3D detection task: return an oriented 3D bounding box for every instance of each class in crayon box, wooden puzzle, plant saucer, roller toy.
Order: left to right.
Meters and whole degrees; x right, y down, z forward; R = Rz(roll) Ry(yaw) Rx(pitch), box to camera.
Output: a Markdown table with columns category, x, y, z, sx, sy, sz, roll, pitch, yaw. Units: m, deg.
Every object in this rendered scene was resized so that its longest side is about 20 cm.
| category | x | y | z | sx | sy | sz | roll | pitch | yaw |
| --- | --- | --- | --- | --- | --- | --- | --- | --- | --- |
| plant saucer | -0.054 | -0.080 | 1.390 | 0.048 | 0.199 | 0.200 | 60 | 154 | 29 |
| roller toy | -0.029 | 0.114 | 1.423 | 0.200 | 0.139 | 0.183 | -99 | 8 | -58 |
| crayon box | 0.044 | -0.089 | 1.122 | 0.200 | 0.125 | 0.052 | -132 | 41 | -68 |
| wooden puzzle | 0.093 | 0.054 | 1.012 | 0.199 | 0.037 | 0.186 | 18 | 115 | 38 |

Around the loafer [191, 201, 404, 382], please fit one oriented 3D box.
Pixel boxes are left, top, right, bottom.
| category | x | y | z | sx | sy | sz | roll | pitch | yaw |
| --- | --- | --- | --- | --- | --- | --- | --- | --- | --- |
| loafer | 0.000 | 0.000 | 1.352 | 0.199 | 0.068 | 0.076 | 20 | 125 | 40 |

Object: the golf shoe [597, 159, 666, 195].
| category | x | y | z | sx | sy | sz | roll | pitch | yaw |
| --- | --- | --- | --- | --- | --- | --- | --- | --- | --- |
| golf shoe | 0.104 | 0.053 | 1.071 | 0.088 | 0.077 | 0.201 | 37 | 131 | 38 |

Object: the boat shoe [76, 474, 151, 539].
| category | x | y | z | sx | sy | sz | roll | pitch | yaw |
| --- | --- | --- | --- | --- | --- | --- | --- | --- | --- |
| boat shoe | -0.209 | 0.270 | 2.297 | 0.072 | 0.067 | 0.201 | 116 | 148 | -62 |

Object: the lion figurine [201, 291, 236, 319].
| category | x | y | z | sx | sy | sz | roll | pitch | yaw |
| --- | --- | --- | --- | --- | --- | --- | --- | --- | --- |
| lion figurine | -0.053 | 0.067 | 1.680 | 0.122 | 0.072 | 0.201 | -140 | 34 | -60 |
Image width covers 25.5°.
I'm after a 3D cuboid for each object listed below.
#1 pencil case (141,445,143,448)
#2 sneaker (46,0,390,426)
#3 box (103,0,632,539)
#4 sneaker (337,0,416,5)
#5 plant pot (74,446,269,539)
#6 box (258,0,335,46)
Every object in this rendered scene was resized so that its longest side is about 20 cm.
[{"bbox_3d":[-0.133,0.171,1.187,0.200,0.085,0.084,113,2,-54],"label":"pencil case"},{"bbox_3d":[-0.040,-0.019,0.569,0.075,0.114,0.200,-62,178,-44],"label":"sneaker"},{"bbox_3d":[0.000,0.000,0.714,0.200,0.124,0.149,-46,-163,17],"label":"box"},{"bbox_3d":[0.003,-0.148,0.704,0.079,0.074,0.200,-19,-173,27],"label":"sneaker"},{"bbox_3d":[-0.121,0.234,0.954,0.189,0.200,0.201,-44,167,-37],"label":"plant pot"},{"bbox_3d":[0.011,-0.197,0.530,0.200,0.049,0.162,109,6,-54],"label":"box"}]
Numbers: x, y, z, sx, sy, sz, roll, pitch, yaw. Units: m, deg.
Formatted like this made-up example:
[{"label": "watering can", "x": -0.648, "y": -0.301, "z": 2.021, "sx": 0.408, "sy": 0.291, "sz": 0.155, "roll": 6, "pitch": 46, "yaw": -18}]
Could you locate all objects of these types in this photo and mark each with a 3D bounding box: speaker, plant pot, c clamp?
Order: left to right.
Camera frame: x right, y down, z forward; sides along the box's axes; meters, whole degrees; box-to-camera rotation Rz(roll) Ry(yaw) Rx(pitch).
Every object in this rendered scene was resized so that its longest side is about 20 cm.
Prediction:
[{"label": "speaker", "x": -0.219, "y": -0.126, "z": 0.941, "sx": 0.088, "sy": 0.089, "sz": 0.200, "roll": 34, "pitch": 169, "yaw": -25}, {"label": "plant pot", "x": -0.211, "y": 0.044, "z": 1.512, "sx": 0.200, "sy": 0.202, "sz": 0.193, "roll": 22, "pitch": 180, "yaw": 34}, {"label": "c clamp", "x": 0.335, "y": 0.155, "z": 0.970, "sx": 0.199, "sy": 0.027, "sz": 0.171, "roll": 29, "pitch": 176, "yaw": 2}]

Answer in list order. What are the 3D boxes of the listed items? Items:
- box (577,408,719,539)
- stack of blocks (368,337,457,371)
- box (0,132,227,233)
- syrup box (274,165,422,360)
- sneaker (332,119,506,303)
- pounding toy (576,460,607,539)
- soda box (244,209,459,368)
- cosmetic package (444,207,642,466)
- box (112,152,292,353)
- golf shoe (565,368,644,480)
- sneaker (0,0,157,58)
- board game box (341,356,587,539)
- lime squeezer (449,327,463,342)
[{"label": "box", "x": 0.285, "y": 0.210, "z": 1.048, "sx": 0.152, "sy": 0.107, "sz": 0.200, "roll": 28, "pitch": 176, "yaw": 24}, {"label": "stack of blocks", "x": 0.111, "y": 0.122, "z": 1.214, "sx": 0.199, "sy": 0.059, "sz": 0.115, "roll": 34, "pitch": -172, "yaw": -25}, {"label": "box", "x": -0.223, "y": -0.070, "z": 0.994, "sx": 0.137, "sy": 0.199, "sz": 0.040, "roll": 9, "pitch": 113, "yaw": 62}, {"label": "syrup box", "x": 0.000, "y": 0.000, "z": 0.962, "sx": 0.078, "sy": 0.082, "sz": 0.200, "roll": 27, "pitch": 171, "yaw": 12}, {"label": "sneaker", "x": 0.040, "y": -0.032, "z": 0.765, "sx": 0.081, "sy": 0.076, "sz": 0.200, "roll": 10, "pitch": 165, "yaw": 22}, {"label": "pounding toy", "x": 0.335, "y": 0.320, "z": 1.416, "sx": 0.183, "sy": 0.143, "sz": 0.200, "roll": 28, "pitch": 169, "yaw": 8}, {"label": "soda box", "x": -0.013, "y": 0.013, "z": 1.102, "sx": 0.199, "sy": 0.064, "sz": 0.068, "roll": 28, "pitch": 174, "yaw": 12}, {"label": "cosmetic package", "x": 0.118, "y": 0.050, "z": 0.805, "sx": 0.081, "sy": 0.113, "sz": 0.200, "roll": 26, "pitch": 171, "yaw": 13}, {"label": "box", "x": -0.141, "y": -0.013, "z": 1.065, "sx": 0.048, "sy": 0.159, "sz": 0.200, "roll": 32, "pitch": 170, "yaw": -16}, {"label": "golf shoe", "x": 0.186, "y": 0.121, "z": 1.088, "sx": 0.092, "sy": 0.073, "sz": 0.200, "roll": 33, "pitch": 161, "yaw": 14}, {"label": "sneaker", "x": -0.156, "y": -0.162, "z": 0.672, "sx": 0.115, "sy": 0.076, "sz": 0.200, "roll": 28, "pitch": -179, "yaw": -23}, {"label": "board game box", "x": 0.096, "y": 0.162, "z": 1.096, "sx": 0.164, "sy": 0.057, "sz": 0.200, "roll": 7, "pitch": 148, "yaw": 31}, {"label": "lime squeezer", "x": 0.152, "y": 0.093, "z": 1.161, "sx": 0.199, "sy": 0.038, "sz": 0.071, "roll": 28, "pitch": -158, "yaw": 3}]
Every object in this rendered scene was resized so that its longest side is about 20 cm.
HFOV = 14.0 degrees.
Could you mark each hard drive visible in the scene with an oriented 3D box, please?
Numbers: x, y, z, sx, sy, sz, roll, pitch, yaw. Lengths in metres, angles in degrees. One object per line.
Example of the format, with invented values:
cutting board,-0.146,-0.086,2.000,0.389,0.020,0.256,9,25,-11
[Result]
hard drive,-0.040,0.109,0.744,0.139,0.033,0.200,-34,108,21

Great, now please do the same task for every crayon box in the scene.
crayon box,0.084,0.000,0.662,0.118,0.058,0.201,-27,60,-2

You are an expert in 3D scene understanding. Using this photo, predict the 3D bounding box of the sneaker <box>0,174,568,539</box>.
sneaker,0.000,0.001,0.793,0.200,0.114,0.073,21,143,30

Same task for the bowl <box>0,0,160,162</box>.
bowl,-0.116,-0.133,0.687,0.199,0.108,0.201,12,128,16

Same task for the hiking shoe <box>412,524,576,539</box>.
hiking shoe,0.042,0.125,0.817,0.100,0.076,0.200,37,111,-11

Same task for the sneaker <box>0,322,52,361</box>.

● EXERCISE PROMPT
Look for the string "forward" in the data above and return every line that has it.

● EXERCISE ANSWER
Meters and whole degrees; x right, y down, z forward; R = Rz(roll) Ry(yaw) Rx(pitch), box to camera.
Camera frame: x right, y down, z forward; sides along the box's axes; meters, whole degrees; box-to-camera rotation Rz(roll) Ry(yaw) Rx(pitch).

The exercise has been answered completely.